ARDEWA vs. Traditional Finance

Dimension Traditional Sale JV Partnership ARDEWA Token
Time to Capital 2-3 months 6-12 months 16-20 weeks
Day 1 Capital USD 1.8-2.4M USD 500K upfront USD 40,911,472
Premium/Discount -60 to -70% -40 to -50% +40 to +87%
Retained Equity 0% 30-50% 30%
Operational Control 0% 50-70% (shared) 100%
5-Year Value USD 2-3M USD 15-20M USD 50-60M
Winner: ARDEWA Token
20-25x Value vs. Traditional Sale
Day 1 capital is 1,600% higher (USD 40.9M vs USD 1.8-2.4M). Inspiration retains 30% equity + 100% operational control. Over 5 years, Inspiration receives approximately USD 50-60M in total value (capital + production participation + management fees) versus USD 2-3M from a traditional sale.

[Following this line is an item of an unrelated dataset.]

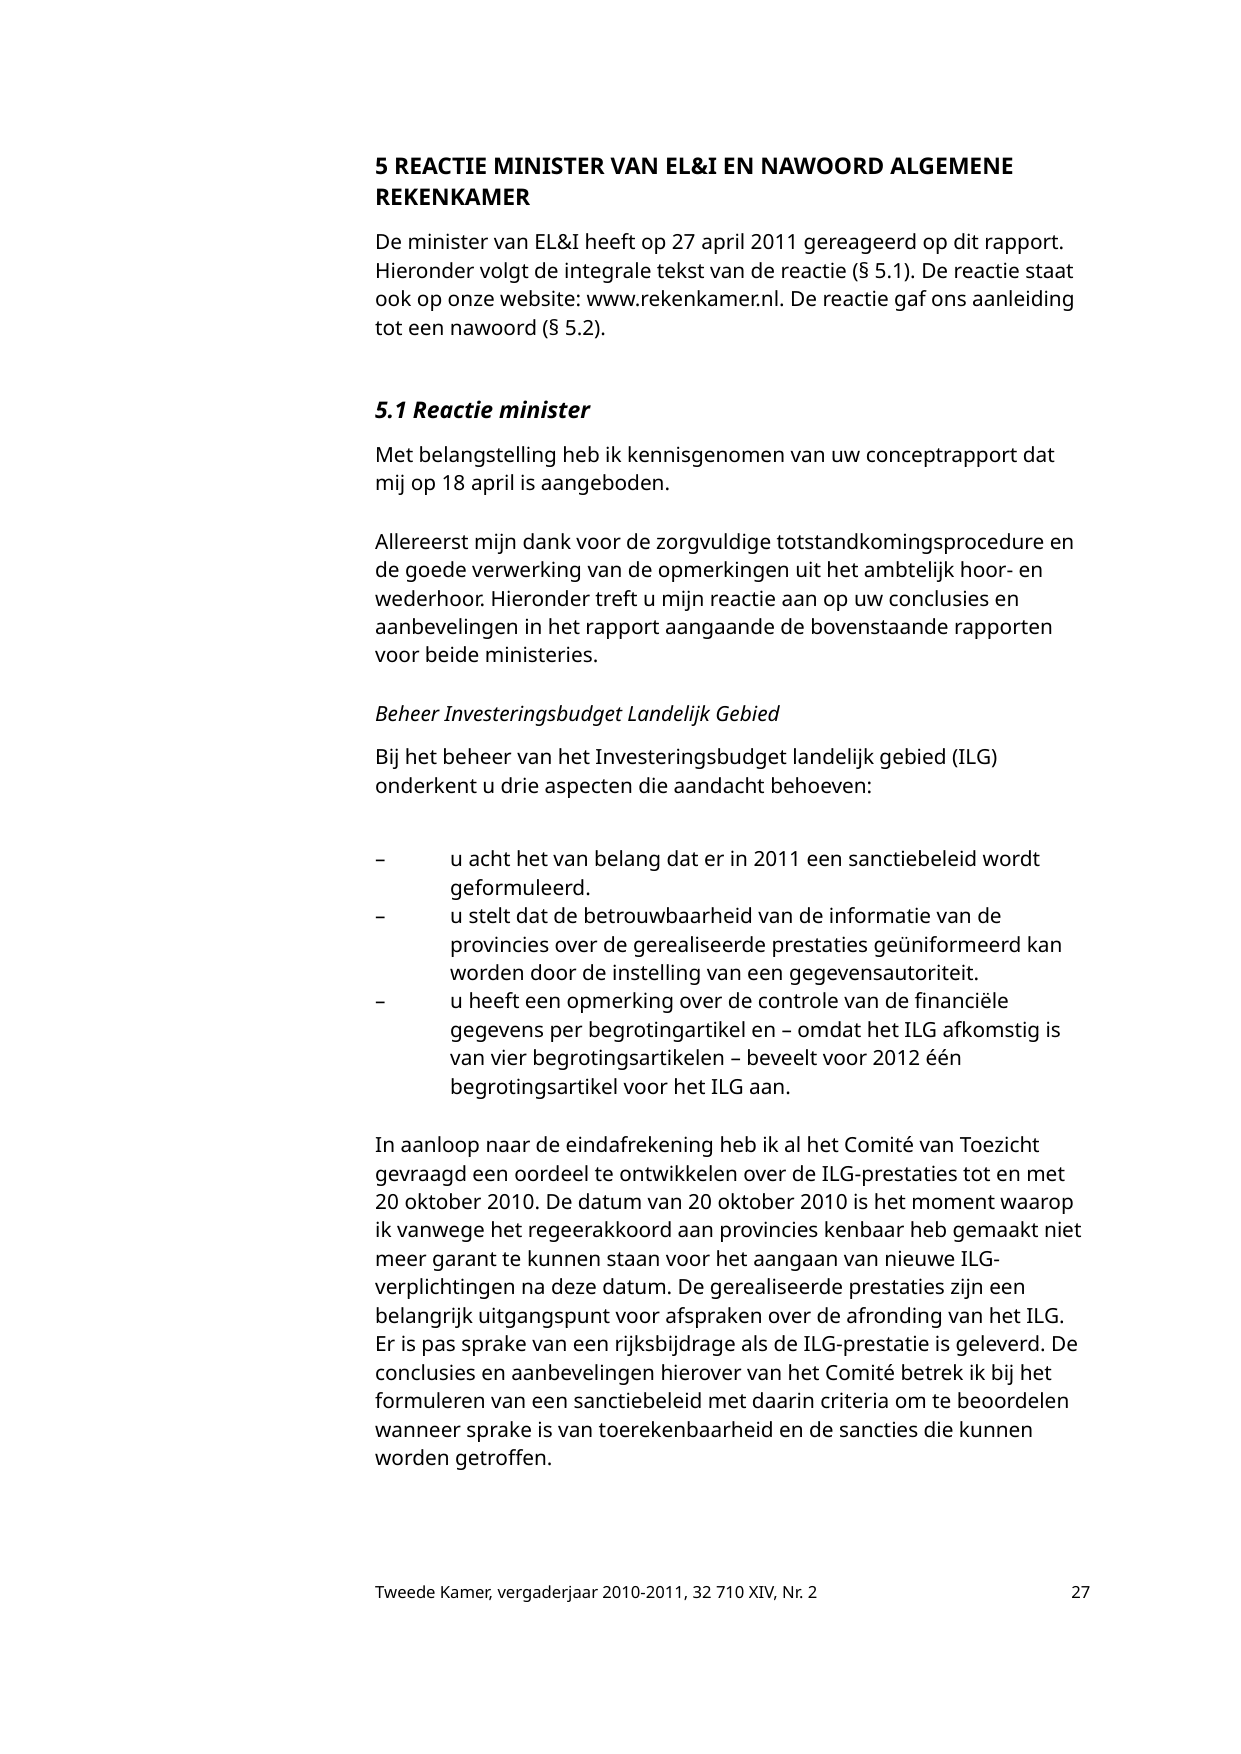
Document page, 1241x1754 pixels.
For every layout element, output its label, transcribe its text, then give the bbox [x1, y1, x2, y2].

Path to First Token Issuance

Week 0

Initiation

Board approval, service providers engaged, ARDEWA onboarding fee USD 5,000 wired. Documentary package assembled (BLM certificates, geological reports, corporate structure, preliminary valuation).

Week 1-2

ARDEWA Eligibility & Phase A

ARDEWA eligibility review completed (assume GREEN). Assetium Phase A launched (satellite processing, surface sampling). Nevada attorney begins LLC incorporation, title opinion, encumbrance search.

Week 2-3

CRITICAL GATE: CA CIB Pre-Approval

Assetium submits pre-report to Credit Agricole CIB. CA CIB decision: YES (assume positive). Inspiration wires USD 145K to Assetium (Phase D), USD 10K to Al Tamimi, USD 25K to Nevada correspondent.

Week 3-8

Parallel Execution

LIDAR Terrestre, GPR survey, satellite processing continue (Phases B+C). Nevada LLC incorporation finalized. DIFC PC preparation begins. Core drilling program readied for launch Week 7.

Week 7-12

Core Drilling Phase D

1,200m core drilling executed (6 weeks field, 6 weeks analysis). Assay results arrive Week 8-10. Petrography analysis Week 9-11. 3D model construction Week 10-11. Mining Trust Score calculated Week 12, NAV published on XRP Ledger Week 12 (USD 57,276,061, +40%).

Week 12-16

Legal & Regulatory

DIFC PC incorporation finalized. Nevada LLC final setup. Whitepaper preparation. Smart contract development + audit. VARA submission Week 15.

Week 16-20

VARA Approval + Issuance

VARA approval (assume Week 19). Smart contract deployment. Token minting + distribution. T+0: Investor subscriptions. T+1: Settlement + wire to Inspiration, tokens distributed to investors.

Ready to Proceed?

Execution begins immediately upon board approval. Week 0 deliverables include ARDEWA onboarding payment (USD 5,000), engagement of service providers, and preparation of documentary package. Week 2-3 represents the critical CA CIB pre-approval gate. Assuming positive credit decision, token issuance timeline is Week 20. Total capital to Inspiration Resources: USD 40,911,472 (Tranche 1).